# ACB question



## Spudd (Oct 11, 2011)

In my personal non-registered account I hold XIC. I just opened a joint non-registered account with my husband and bought XIC there as well. 

Do I track the ACB as a whole across the 2 accounts, or should they be tracked separately since my husband has 50% of the CG on the joint account?


----------



## AltaRed (Jun 8, 2009)

Your ACB is the weighted average of XIC shares in your personal account and your share of XIC shares in the joint account. Your husband's ACB is based solely on his 50% share of the XIC shares in the joint account. It is not the accounts that matter, it is the ownership of the number of shares that count.


----------



## Spudd (Oct 11, 2011)

Thanks!


----------



## Silverbird (Mar 5, 2013)

For the Joint account, who contributed the funds?

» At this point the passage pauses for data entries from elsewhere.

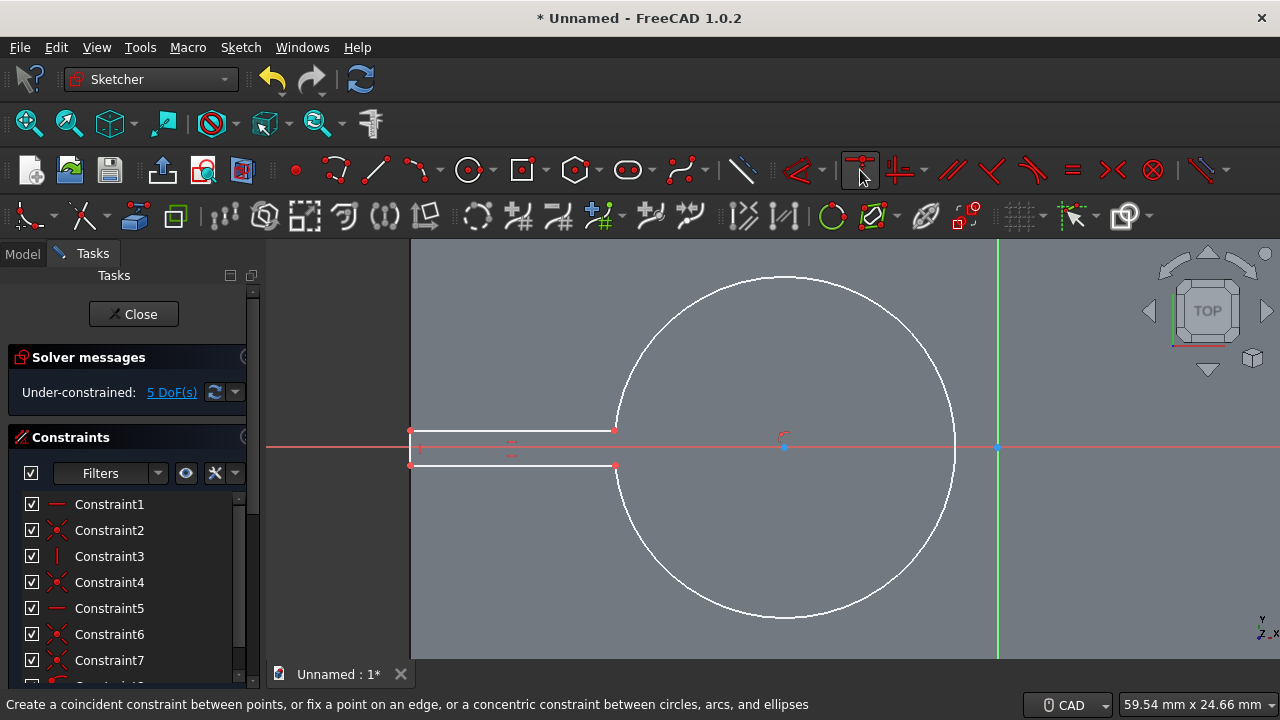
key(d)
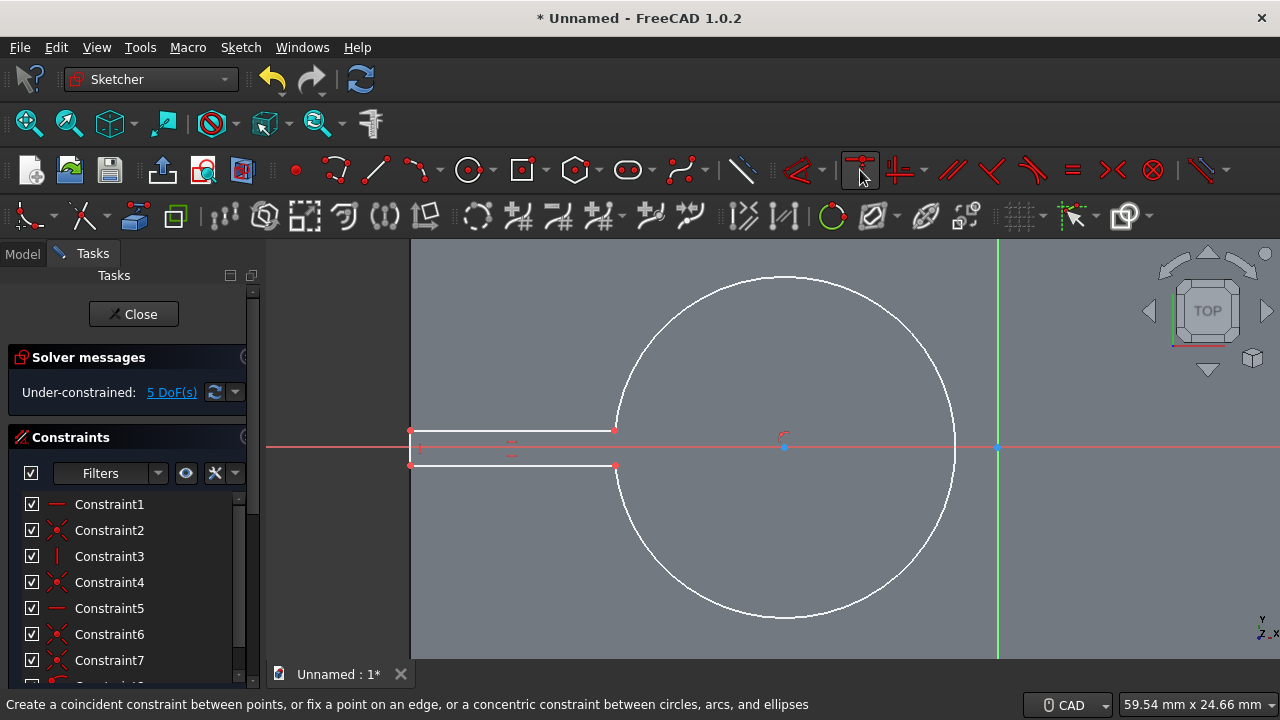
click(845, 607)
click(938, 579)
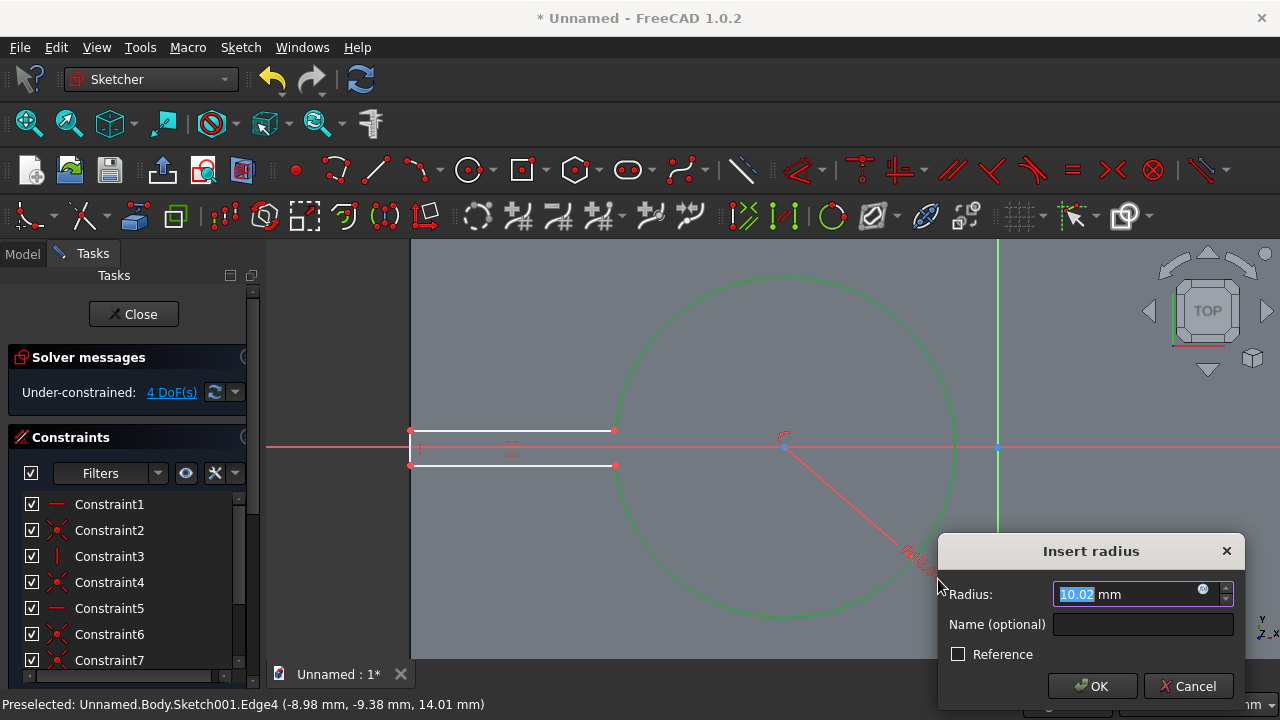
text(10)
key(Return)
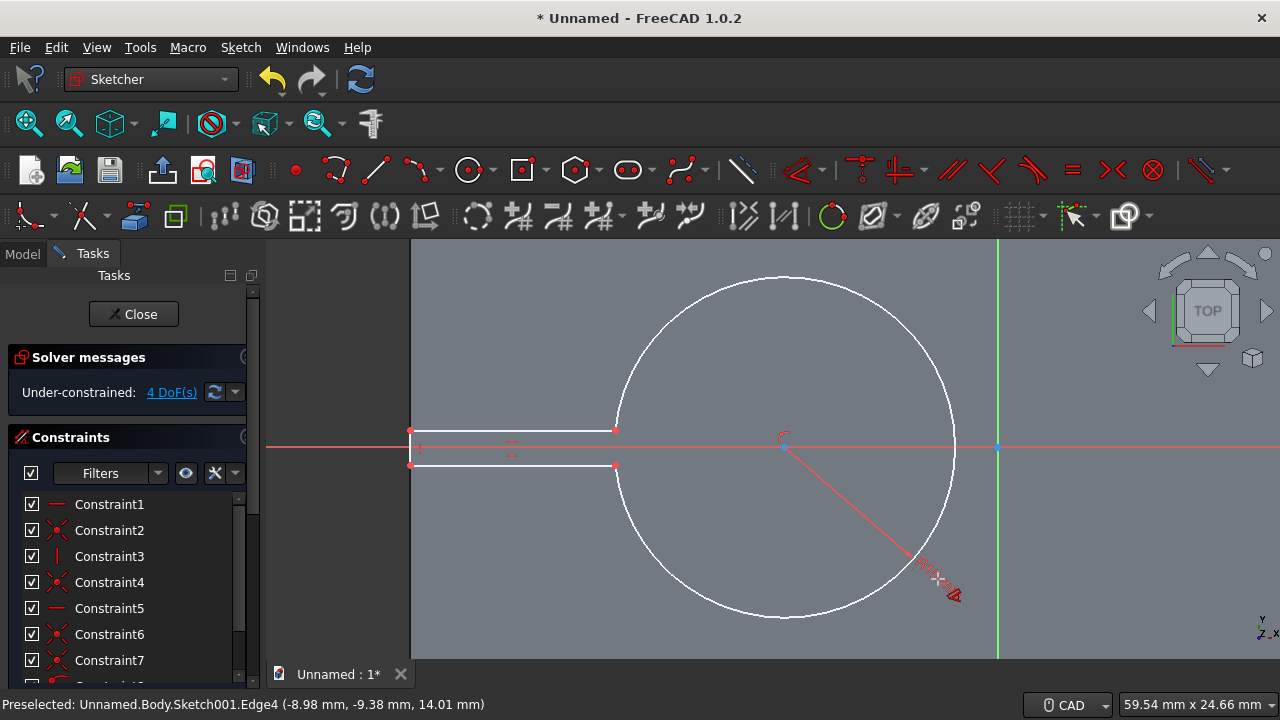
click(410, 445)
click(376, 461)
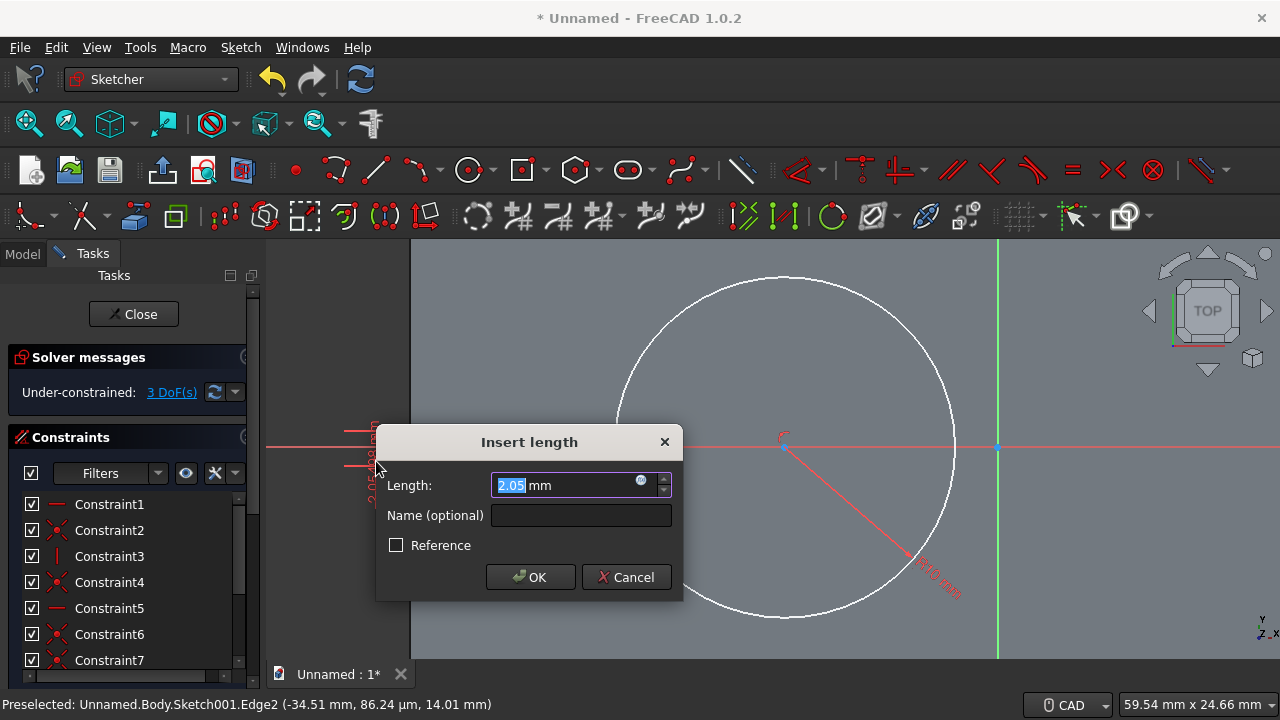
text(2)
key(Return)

That determines the ownership it's not automatically 50/50.

As an example, in a single income household, where a spouse is making $0 a year forever, the CRA may have an issue if you allocate 50% or 100% of the joint account income to him/her as they would not have had the capital to purchase the investment


----------



## AltaRed (Jun 8, 2009)

Very good point. I had made the assumption the couple was funding the joint account equally with traceable paperwork back to source.


----------



## Spudd (Oct 11, 2011)

Yes, good point indeed, however it is 50/50 in this case.


----------



## Eclectic12 (Oct 20, 2010)

I defer to those more knowledgeable for the split.

Sorry for repeating if you are already aware of this but as a lot of people seems to miss it - don't forget as part of your ACB calculations to take the return of capital (RoC) portion into account, which reduces XIC's ACB by the matching amount. It isn't huge amounts but it has been consistently part of the distribution for the last twelve years.

http://ca.ishares.com/product_info/fund/distributions/XIC.htm

I'm not happy that the Tax Tips web site refers to the RoC as "not taxable" when for the small amounts paid by XIC it's tax deferred but it is one of the most complete explanations.
http://www.taxtips.ca/personaltax/investing/taxtreatment/etfs.htm

Between that as well as the Non-Eligible dividends, Other Income plus the Foreign Income - I decided to avoid the bookkeeping hassle as well as these income types that are higher taxed by moving XIC into my TFSA.


Cheers


----------



## Goodgenie4u (Oct 6, 2014)

*Tracking ACB in Joint accounts and Gain / Loss Reporting*

BCE shares held in two separate accounts when moved to a broker were put into one account and all went under my Social Insurance number and that's what the CRA sees. That said when I filed our taxes we showed the percentage split on my taxes and hers. Given all the impacts of spin off's and consolidations not to mention DRIP over 40 years, it has been a miserable exercise tracking the ACB. That said there is light at the end of the tunnel. We have all the paperwork and the Compushare and total incoming number of shares to the broker have been reconciled. I have a very simple spread sheet that does the computation. 

The problems remaining are meeting CRA requirements on various fronts. Could use some advice on a few things

(1) When I log into "My Account" at the CRA for the first time (after taking a simple tax course) I saw a section about Carried forward Gains /Loses.
They were from 2003 to 2013. QUESTIONS
(a) are the $ values in the gain and loss columns for gains and loses from 2003 to 2013 or are they from as far back as when I started filing taxes. 
(b) did these numbers result from what Compushare or the broker have been issuing to the CRA in those years.

(2) I cannot remember, (but I need to audit this based on your advice) whether I missed out reporting on loses or gains starting in 1976. QUESTIONS
(a) Once I discover any unreported losses of gains say in 1978 and 1989 do I have to report these and if so what is the process, assuming it is a manual form.
What I mean? Does this require me to just show just the gain or loss and the CRA determines the tax implications for that year?
(b) For reporting gains and loses not reported in past years, what is the required CRA process (form numbers?) so that I submit them in full compliance?

I searched the CRA site and clearly I failed to get guidance that I was certain would address my needs. Any advice on the aforementioned will b most appreciated.

Thanks
Dennis


----------